Open Ball of Point Inside Open Ball

From ProofWiki
Jump to navigation Jump to search


Let $M = \left({A, d}\right)$ be a metric space.

Let $B_\epsilon \left({x}\right)$ be an open $\epsilon$-ball in $M = \left({A, d}\right)$.

Let $y \in B_\epsilon \left({x}\right)$.


$\exists \delta \in \R: B_\delta \left({y}\right) \subseteq B_\epsilon \left({x}\right)$

That is, for every point in an open $\epsilon$-ball in a metric space, there exists an open $\delta$-ball of that point entirely contained within that open $\epsilon$-ball.

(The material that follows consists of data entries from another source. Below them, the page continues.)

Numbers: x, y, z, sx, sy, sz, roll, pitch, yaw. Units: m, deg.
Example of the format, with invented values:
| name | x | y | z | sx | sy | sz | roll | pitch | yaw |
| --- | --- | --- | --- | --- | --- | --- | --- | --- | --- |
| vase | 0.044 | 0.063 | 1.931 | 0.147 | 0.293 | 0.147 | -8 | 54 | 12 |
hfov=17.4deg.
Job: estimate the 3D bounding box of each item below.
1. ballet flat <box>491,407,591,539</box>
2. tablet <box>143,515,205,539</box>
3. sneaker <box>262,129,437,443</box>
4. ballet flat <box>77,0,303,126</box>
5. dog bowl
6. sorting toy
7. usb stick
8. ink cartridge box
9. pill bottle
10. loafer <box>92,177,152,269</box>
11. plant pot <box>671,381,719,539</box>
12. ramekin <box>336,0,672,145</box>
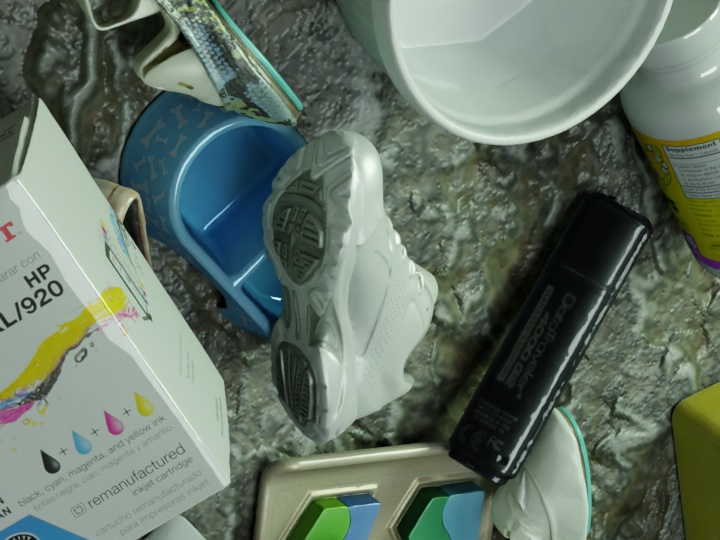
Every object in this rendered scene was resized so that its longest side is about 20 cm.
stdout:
| name | x | y | z | sx | sy | sz | roll | pitch | yaw |
| --- | --- | --- | --- | --- | --- | --- | --- | --- | --- |
| ballet flat | 0.119 | 0.175 | 1.577 | 0.069 | 0.069 | 0.200 | -26 | 138 | -19 |
| tablet | -0.142 | 0.262 | 1.443 | 0.200 | 0.130 | 0.014 | -45 | 163 | -4 |
| sneaker | 0.000 | 0.000 | 1.370 | 0.099 | 0.078 | 0.200 | -19 | 131 | -30 |
| ballet flat | -0.111 | -0.142 | 1.284 | 0.074 | 0.074 | 0.200 | -41 | 114 | -8 |
| dog bowl | -0.056 | -0.029 | 1.390 | 0.111 | 0.050 | 0.200 | -45 | 128 | -5 |
| sorting toy | 0.010 | 0.206 | 1.557 | 0.185 | 0.036 | 0.201 | -4 | 115 | -30 |
| usb stick | 0.123 | 0.043 | 1.521 | 0.200 | 0.055 | 0.033 | -61 | 150 | -1 |
| ink cartridge box | -0.182 | 0.042 | 1.237 | 0.147 | 0.145 | 0.200 | -30 | 109 | 7 |
| pill bottle | 0.230 | -0.093 | 1.499 | 0.104 | 0.104 | 0.200 | -38 | 127 | -10 |
| loafer | -0.138 | 0.037 | 1.350 | 0.072 | 0.063 | 0.200 | -57 | 141 | -49 |
| plant pot | 0.362 | 0.175 | 1.670 | 0.200 | 0.176 | 0.200 | -24 | 124 | -20 |
| ramekin | 0.076 | -0.183 | 1.359 | 0.200 | 0.105 | 0.201 | -14 | 119 | -26 |
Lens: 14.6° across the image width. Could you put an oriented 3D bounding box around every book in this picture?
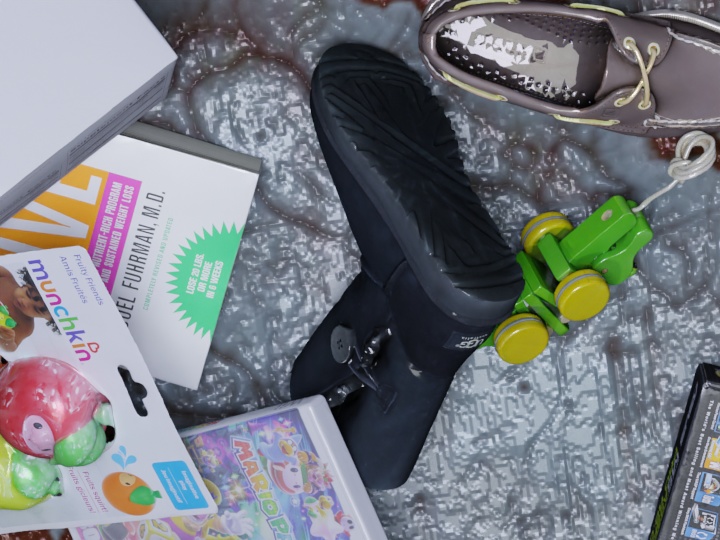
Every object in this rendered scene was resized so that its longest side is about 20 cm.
[{"bbox_3d":[-0.168,-0.025,1.570,0.199,0.048,0.134,16,106,-3],"label":"book"}]

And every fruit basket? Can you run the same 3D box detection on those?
[{"bbox_3d":[-0.198,0.076,1.530,0.199,0.094,0.186,-4,125,31],"label":"fruit basket"}]

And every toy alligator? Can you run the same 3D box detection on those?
[{"bbox_3d":[0.124,-0.002,1.552,0.200,0.059,0.054,-36,139,11],"label":"toy alligator"}]

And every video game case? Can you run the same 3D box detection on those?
[{"bbox_3d":[-0.073,0.154,1.570,0.199,0.018,0.144,-16,103,35],"label":"video game case"}]

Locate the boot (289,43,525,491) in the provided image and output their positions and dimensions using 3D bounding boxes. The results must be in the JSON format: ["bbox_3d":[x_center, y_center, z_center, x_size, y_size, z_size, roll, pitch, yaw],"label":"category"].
[{"bbox_3d":[0.000,0.000,1.537,0.076,0.201,0.168,-4,142,-36],"label":"boot"}]

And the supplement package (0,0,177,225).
[{"bbox_3d":[-0.217,-0.133,1.472,0.156,0.111,0.200,-38,90,-9],"label":"supplement package"}]

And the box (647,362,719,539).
[{"bbox_3d":[0.242,0.168,1.588,0.159,0.044,0.201,15,104,0],"label":"box"}]

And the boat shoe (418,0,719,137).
[{"bbox_3d":[0.129,-0.110,1.521,0.199,0.060,0.072,12,103,0],"label":"boat shoe"}]
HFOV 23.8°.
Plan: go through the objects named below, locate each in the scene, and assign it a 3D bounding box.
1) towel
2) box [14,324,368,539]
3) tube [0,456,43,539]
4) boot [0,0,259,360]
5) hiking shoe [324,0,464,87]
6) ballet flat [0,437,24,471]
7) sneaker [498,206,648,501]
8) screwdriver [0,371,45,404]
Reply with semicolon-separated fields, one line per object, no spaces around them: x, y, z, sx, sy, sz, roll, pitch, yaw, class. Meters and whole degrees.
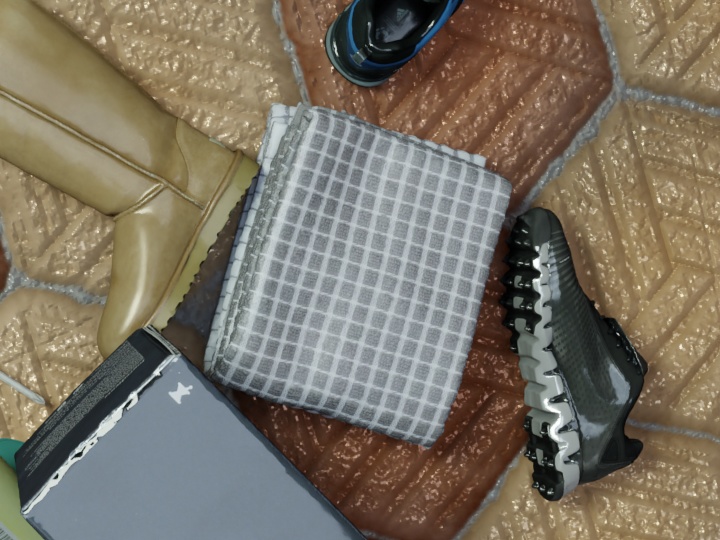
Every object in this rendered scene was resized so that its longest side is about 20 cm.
0.000;0.000;1.121;0.165;0.086;0.201;17;87;-14;towel
-0.087;0.146;0.979;0.124;0.197;0.200;-45;100;-8;box
-0.188;0.186;1.053;0.052;0.058;0.200;-38;123;-2;tube
-0.188;-0.055;1.091;0.199;0.066;0.176;32;75;-11;boot
0.058;-0.205;1.129;0.074;0.087;0.200;36;83;-11;hiking shoe
-0.156;0.165;1.105;0.199;0.072;0.072;18;87;-13;ballet flat
0.150;0.052;1.170;0.090;0.066;0.201;-10;97;-15;sneaker
-0.284;0.031;1.080;0.200;0.029;0.028;34;84;-6;screwdriver
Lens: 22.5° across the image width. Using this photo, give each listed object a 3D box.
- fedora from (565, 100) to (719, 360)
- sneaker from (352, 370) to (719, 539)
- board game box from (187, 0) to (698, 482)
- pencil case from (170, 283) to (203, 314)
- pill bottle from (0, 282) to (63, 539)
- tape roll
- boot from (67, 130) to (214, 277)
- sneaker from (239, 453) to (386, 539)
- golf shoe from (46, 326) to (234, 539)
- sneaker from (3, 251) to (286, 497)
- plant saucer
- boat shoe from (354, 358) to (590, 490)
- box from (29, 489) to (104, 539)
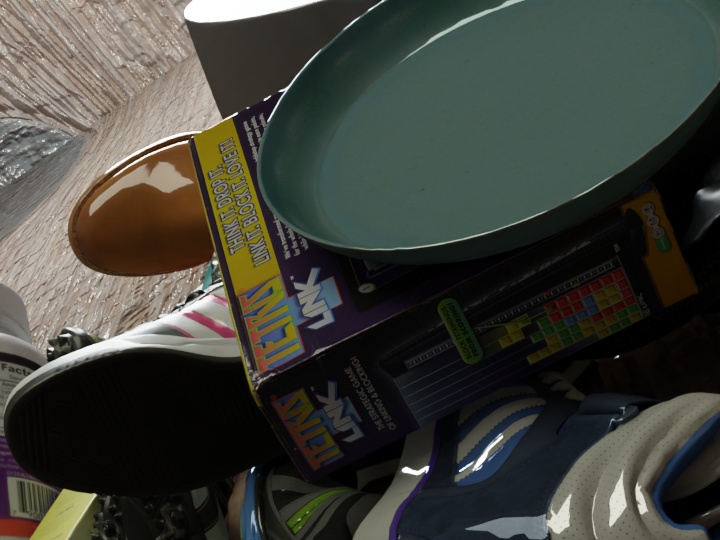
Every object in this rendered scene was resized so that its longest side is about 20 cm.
[{"bbox_3d":[0.152,-0.035,0.765,0.201,0.091,0.201,-43,32,37],"label":"fedora"},{"bbox_3d":[0.089,0.076,0.668,0.146,0.081,0.200,-15,15,24],"label":"sneaker"},{"bbox_3d":[0.024,-0.025,0.741,0.165,0.057,0.200,-27,33,5],"label":"board game box"},{"bbox_3d":[-0.088,0.064,1.069,0.078,0.090,0.200,7,42,41],"label":"pencil case"},{"bbox_3d":[-0.217,0.104,1.004,0.111,0.111,0.200,-31,49,20],"label":"pill bottle"},{"bbox_3d":[0.005,-0.146,1.011,0.200,0.066,0.200,-16,19,6],"label":"tape roll"},{"bbox_3d":[-0.055,-0.030,0.954,0.199,0.077,0.155,-8,11,-8],"label":"boot"},{"bbox_3d":[-0.008,0.124,0.758,0.082,0.071,0.200,-15,14,1],"label":"sneaker"},{"bbox_3d":[-0.085,0.105,0.871,0.078,0.094,0.200,-53,48,29],"label":"golf shoe"},{"bbox_3d":[-0.069,0.033,0.831,0.199,0.084,0.121,-12,21,-14],"label":"sneaker"},{"bbox_3d":[0.055,-0.067,0.698,0.200,0.027,0.200,-20,34,14],"label":"plant saucer"},{"bbox_3d":[0.021,0.058,0.876,0.200,0.060,0.076,-29,16,25],"label":"boat shoe"},{"bbox_3d":[-0.133,0.161,0.886,0.050,0.075,0.200,-33,16,26],"label":"box"}]

Let $\delta = \epsilon - d \left({x, y}\right)$.

From the definition of open ball, this is strictly positive, since $y \in B_\epsilon \left({x}\right)$.

If $z \in B_\delta \left({y}\right)$, then $d \left({y, z}\right) < \delta$.


$d \left({x, z}\right) \le d \left({x, y}\right) + d \left({y, z}\right) < d \left({x, y}\right) + \delta = \epsilon$

Thus $z \in B_\epsilon \left({x}\right)$.

So $B_\delta \left({y}\right) \subseteq B_\epsilon \left({x}\right)$.


This diagram illustrates the proof in $M = \left({\R^2, d_2}\right)$:


In $\R^2$, we can draw a disc radius $\delta$ whose center is $y$ and which lies entirely within the larger disc whose center is $x$ with radius $\epsilon$.